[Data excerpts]
◆ ◆ ◆
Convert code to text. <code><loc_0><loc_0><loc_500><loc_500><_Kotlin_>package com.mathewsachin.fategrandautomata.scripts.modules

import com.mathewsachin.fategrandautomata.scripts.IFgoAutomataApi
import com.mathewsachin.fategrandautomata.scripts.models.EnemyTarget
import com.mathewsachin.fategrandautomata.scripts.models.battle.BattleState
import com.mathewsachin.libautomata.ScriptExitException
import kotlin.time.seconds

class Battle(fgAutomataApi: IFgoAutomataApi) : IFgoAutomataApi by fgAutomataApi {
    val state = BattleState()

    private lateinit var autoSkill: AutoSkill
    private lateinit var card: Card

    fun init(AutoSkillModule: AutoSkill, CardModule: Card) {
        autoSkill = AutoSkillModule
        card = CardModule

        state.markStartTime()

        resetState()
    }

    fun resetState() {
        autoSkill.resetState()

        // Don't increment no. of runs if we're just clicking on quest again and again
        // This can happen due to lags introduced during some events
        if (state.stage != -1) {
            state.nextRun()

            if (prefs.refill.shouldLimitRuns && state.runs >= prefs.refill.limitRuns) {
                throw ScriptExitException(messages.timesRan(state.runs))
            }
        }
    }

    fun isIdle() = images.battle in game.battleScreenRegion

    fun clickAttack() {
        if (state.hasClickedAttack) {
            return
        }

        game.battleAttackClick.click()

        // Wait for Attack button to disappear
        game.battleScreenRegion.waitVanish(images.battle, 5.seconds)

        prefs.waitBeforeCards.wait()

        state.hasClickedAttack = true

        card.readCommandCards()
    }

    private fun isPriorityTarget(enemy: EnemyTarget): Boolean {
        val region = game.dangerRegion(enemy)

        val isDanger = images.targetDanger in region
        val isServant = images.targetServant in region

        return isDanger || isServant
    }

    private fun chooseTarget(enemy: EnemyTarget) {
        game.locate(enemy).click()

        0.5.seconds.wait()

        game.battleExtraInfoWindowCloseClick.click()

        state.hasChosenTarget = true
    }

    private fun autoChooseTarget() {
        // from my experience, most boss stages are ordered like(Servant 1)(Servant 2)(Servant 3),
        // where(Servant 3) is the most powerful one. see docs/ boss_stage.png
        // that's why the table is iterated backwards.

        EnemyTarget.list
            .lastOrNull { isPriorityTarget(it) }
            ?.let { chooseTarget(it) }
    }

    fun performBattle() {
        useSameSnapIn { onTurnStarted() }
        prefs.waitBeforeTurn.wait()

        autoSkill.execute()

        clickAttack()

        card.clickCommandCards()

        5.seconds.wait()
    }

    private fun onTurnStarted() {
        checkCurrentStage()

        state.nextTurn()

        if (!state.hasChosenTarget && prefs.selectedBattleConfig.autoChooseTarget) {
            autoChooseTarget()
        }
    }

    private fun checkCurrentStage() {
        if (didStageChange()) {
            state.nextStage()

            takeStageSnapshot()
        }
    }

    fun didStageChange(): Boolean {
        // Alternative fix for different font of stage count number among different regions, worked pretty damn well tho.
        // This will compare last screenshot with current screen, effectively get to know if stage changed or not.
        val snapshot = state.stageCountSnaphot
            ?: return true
◆ ◆ ◆
How to complete this task:
Where the data above reaches the line holding "0.5.seconds.wait()", begin printing, and stop after the line holding "changed or not.". Each line must be reproduced exactly, with nothing else added.

Answer to this problem:
        0.5.seconds.wait()

        game.battleExtraInfoWindowCloseClick.click()

        state.hasChosenTarget = true
    }

    private fun autoChooseTarget() {
        // from my experience, most boss stages are ordered like(Servant 1)(Servant 2)(Servant 3),
        // where(Servant 3) is the most powerful one. see docs/ boss_stage.png
        // that's why the table is iterated backwards.

        EnemyTarget.list
            .lastOrNull { isPriorityTarget(it) }
            ?.let { chooseTarget(it) }
    }

    fun performBattle() {
        useSameSnapIn { onTurnStarted() }
        prefs.waitBeforeTurn.wait()

        autoSkill.execute()

        clickAttack()

        card.clickCommandCards()

        5.seconds.wait()
    }

    private fun onTurnStarted() {
        checkCurrentStage()

        state.nextTurn()

        if (!state.hasChosenTarget && prefs.selectedBattleConfig.autoChooseTarget) {
            autoChooseTarget()
        }
    }

    private fun checkCurrentStage() {
        if (didStageChange()) {
            state.nextStage()

            takeStageSnapshot()
        }
    }

    fun didStageChange(): Boolean {
        // Alternative fix for different font of stage count number among different regions, worked pretty damn well tho.
        // This will compare last screenshot with current screen, effectively get to know if stage changed or not.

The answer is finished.